# About this task
The records follow. Filter them to the lines that hold "objects".

■ ■ ■ ■

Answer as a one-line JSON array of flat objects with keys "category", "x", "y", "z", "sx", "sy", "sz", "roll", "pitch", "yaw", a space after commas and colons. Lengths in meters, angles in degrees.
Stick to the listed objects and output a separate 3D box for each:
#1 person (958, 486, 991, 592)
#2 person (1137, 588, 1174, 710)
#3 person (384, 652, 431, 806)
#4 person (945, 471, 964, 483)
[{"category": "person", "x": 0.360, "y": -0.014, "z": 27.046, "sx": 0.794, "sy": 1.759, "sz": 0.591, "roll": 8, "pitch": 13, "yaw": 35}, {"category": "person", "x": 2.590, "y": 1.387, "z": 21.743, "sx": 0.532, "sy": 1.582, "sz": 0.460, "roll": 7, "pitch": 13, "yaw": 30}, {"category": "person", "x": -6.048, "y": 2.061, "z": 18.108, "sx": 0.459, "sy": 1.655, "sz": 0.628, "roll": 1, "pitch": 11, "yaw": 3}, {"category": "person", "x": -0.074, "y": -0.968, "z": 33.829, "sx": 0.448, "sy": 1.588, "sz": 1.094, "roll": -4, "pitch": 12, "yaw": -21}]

■ ■ ■ ■

# Response area
Answer as a one-line JSON array of flat objects with keys "category", "x", "y", "z", "sx", "sy", "sz", "roll", "pitch", "yaw", a space after commas and colons. Lengths in meters, angles in degrees.
Stick to the listed objects and output a separate 3D box for each:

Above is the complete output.